Sonrío casi sin ganas. Lo haré como
siempre. Tal vez esta ofensa sea la más
grave y dolorosa de todas las que he
sufrido, pero, al fin y al cabo, es tan
sólo un detalle más que hay que añadir a
mi lista. Mañana, o pasado, o cuando
quiera que se dignen en venir, haré como
que se me ha olvidado todo, puesto que
ellos mismos ni siquiera mencionarán que
mientras yo agonizaba de dolor por mí y
por mi hija recién fallecida, ellos se
iban de bautizo como si nada más
importara. Al fin y al cabo, la vida
sigue ¿no es así? Al menos, para el
resto del mundo sí.
Soledad, amiga mía... Muchos dicen
conocerla, pero pocos de verdad han
llegado a captar la esencia de su
significado. Soledad es una habitación
blanca de hospital que se te antoja
amarillenta. Soledad es una ventana por
la que entra un sol del que no
comprendes el brillo. Soledad es haber
traído al mundo a mi hija y haberla
perdido. Soledad es no tener a nadie
aquí a mi lado dándome su apoyo.

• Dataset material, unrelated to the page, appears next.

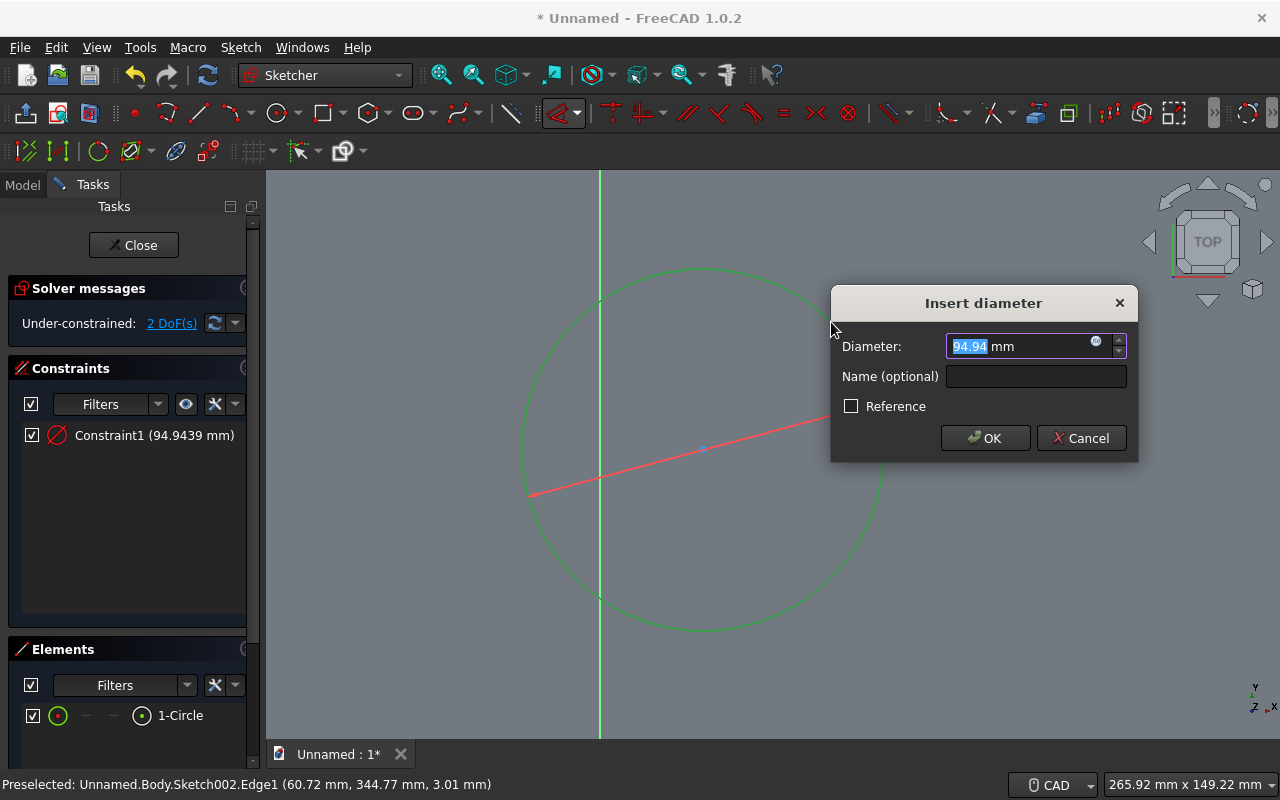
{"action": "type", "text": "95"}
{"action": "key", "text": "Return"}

Soledad
es pensar en ese sobrinito que acuné no
hace tanto entre mis brazos y envidiar a
mi hermana, que tiene el privilegio de
poder darle hoy su primer sacramento, el
que da inicio a la vida, mientras yo
concedo a mi pequeña el último, el que
da entrada a la muerte. Soledad es saber
que hay personas cerca de ti pero
inexplicablemente lejos. Que esa
distancia que ahora nos separa a mi
familia más allegada y a mí no son
kilómetros, sino emociones totalmente
contrarias. Soledad es acariciar mi
vientre y que ya no haya nada. Soledad
es saber que esa habitación, esa cuna y
esos trajecitos nunca serán utilizados
por ningún bebé al que yo pueda llamar
mío. Soledad es haberlo tenido todo y
perderlo en apenas un instante. Soledad
es ahora todo lo que conservo, todo lo
que me queda.
Una buena amiga mía, eso es la Soledad.